2. Take the following affirmative action which the Board finds will effectuate the policies of the Act:

(a) Offer immediate reinstatement to Hazel Fonceca, William C. Fisher, Arthur E. Feather, Winona Chait, Rosalie Arch-ambault, Lupe Tellez, Joe Leon, Russell White, Lowell E. Johnson, Jacob Levin, and Manuel Senteno, to their former or substantially equivalent positions, without prejudice to their seniority or other rights or privileges;

(b) Make whole the persons named above for any loss of pay they have suffered by reason of the respondent’s dis*815crimination against them, by payment to each of them of a sum of money equal to the amount he normally would have earned as wages from March 30, 1938, to the date on which the respondent offers him reinstatement, less his net earnings during said period;

(c) Post immediately notices to its employees in conspicuous places throughout its plant, and maintain such notices for a period of at least sixty (60) consecutive days from the date of posting, stating that the respondent will not engage in the practices from which it is ordered to cease and desist in the manner aforesaid, and that it will take the affirmative action set forth in 2(a) and (b) of this Order;

(d) Notify the Regional Director for the Twenty-first Region in writing within ten (10) days from the date of this Order what steps the respondent has taken to comply herewith.

Petition granted in part and denied in part

“(3) By discrimination in regard to hire or tenure of employment or any term or condition of employment to encourage or discourage membership in any labor organization: Provided, That nothing in this Act [sections 151-166 of this title] * * * shall preclude an employer from making an agreement with a labor organization (not established, maintained, or assisted by any action defined in this Act [sections 151 — 166 of this title] as an unfair labor practice) to require as a condition of employment membership therein, if such labor organization is the representative of the employees as provided in section 9(a) [159(a) of this title], in the appropriate collective bargaining unit covered by such agreement when made.”
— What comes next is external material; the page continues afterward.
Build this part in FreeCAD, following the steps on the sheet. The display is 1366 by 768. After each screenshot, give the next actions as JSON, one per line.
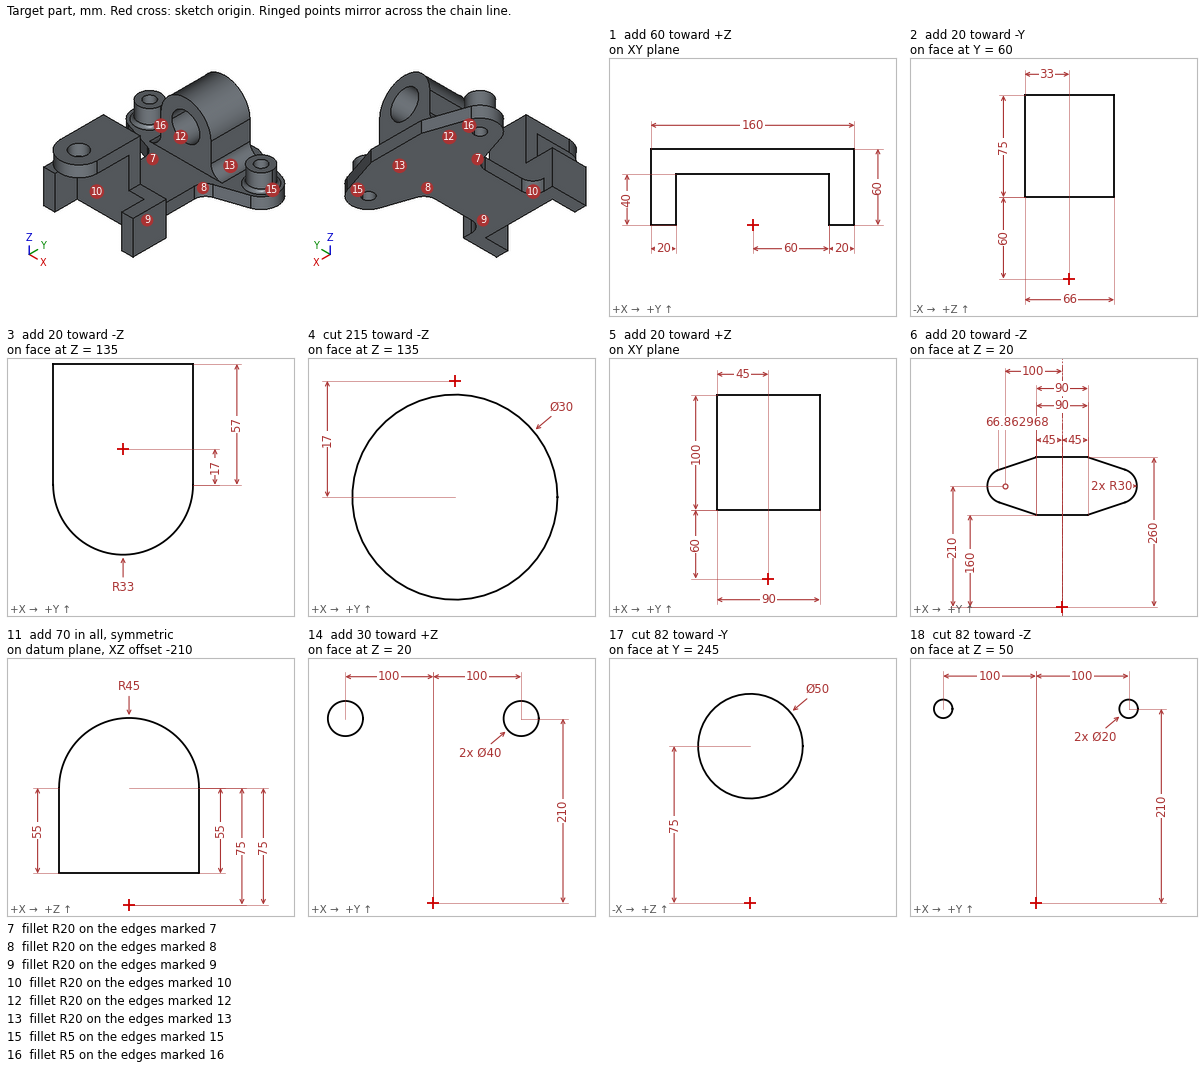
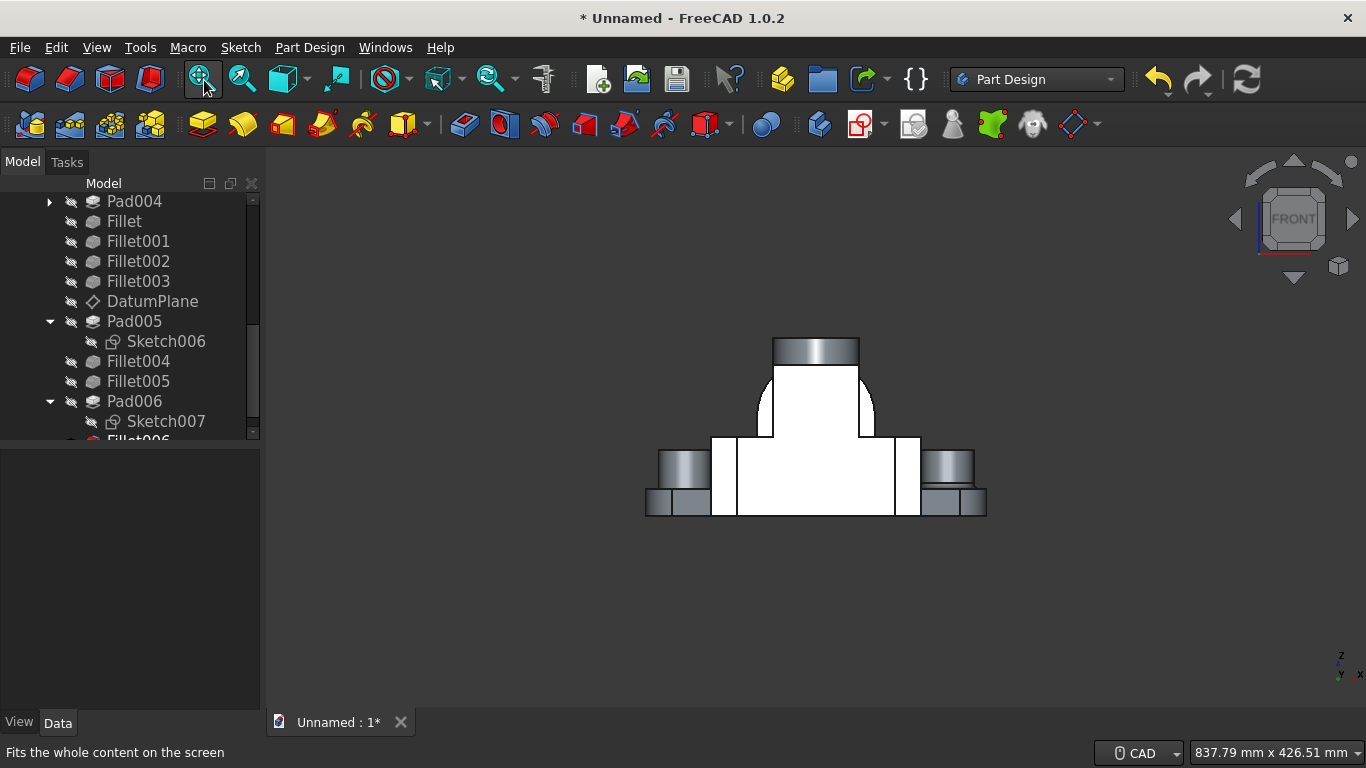
{"action": "key", "text": "3"}

“(a) Representatives designated or selected for the purposes of collective bargaining by the majority of the employees in a unit appropriate for such purposes, shall be the exclusive representatives of all the employees in such unit for the purposes of collective bargaining in respect to rates of pay, wages, hours of employment, or other conditions of employment: Provided, That any individual employee or a group of employees shall have the right at any time to present grievances to their employer.”
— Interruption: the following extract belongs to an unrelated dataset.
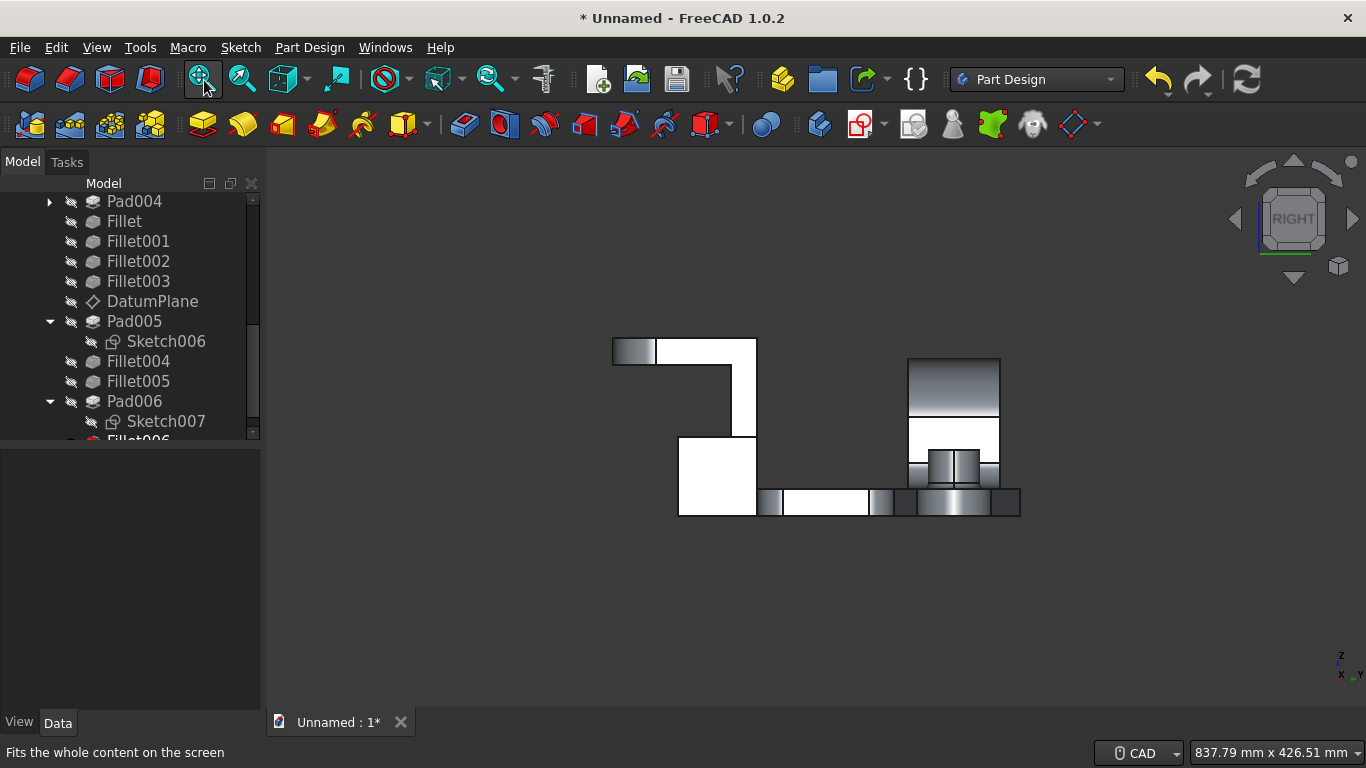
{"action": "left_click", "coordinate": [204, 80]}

Sections 1 and 7 of the National Labor Relations Act, 29 U.S.C.A. §§ 151, 157.

See statement of limitations of power of union agents to make contracts to bring back employer’s proposals for acceptance by majority vote and the like, in N. L. R. B. v. Hollywood-Maxwell Co., 9 Cir., 126 E.2d 815, filed March 23, 1942.

In this court the briefs of both par*814ties cite this testimony concerning Exhibit 3 as disclosing the claimed warrant of respondent’s acts.

See National Labor Relations Board v. Express Publishing Co., 312 U.S. 426, 61 S.Ct. 693, 85 L.Ed. 930.